#### [EXERCISE OBJECTIVE]
Gather up every line from the entries below that uses the word "closed".

#### [EXTRACTED RECORDS]
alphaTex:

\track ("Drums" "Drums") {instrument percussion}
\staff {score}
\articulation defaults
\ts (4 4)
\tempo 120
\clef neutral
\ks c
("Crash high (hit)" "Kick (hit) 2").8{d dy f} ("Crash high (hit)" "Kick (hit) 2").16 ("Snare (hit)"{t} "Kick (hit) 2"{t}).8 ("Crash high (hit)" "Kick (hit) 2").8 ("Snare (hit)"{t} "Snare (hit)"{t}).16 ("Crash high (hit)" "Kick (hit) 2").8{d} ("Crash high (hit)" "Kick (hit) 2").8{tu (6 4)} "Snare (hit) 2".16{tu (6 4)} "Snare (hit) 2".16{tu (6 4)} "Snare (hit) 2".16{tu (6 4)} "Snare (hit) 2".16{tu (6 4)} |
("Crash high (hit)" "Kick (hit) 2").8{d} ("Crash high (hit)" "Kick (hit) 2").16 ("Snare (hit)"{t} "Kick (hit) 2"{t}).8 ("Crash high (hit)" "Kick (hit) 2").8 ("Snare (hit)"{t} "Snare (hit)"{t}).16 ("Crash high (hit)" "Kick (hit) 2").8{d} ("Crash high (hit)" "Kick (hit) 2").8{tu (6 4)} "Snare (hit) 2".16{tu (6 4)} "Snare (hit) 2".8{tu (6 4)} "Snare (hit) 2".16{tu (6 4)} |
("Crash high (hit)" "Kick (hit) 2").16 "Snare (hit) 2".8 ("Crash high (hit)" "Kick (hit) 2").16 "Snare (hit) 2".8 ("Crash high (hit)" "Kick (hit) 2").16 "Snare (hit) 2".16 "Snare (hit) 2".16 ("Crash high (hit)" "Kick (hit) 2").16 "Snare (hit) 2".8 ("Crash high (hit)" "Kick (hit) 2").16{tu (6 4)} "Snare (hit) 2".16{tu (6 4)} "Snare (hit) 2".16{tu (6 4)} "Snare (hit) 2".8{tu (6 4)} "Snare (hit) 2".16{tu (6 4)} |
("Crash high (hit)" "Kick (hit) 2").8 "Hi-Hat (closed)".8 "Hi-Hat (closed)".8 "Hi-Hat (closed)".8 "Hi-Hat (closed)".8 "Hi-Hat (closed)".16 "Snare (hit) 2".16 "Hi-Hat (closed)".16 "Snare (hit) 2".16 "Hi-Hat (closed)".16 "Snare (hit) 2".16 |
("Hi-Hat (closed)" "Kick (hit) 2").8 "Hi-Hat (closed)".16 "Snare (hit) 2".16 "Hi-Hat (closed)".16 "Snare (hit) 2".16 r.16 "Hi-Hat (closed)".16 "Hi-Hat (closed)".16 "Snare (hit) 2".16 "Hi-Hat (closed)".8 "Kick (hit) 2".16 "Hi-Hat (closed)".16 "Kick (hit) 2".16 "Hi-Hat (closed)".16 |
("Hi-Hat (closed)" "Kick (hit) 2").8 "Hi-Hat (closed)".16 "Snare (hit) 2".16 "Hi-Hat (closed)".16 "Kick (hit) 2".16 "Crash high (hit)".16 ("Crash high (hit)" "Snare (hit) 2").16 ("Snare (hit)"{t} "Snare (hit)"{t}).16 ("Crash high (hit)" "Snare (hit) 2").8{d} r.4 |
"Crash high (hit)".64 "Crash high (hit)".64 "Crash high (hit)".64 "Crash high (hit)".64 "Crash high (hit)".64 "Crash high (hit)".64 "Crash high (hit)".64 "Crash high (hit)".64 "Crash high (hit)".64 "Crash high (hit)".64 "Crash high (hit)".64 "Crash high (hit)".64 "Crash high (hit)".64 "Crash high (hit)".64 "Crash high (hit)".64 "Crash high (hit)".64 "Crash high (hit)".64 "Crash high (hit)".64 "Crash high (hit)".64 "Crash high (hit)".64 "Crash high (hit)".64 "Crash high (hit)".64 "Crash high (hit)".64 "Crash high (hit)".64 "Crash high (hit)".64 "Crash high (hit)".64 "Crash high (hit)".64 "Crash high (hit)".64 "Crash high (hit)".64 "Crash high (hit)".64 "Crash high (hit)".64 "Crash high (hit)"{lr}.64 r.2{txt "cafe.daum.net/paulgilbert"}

#### [FINISHED EXERCISE]
("Crash high (hit)" "Kick (hit) 2").8 "Hi-Hat (closed)".8 "Hi-Hat (closed)".8 "Hi-Hat (closed)".8 "Hi-Hat (closed)".8 "Hi-Hat (closed)".16 "Snare (hit) 2".16 "Hi-Hat (closed)".16 "Snare (hit) 2".16 "Hi-Hat (closed)".16 "Snare (hit) 2".16 |
("Hi-Hat (closed)" "Kick (hit) 2").8 "Hi-Hat (closed)".16 "Snare (hit) 2".16 "Hi-Hat (closed)".16 "Snare (hit) 2".16 r.16 "Hi-Hat (closed)".16 "Hi-Hat (closed)".16 "Snare (hit) 2".16 "Hi-Hat (closed)".8 "Kick (hit) 2".16 "Hi-Hat (closed)".16 "Kick (hit) 2".16 "Hi-Hat (closed)".16 |
("Hi-Hat (closed)" "Kick (hit) 2").8 "Hi-Hat (closed)".16 "Snare (hit) 2".16 "Hi-Hat (closed)".16 "Kick (hit) 2".16 "Crash high (hit)".16 ("Crash high (hit)" "Snare (hit) 2").16 ("Snare (hit)"{t} "Snare (hit)"{t}).16 ("Crash high (hit)" "Snare (hit) 2").8{d} r.4 |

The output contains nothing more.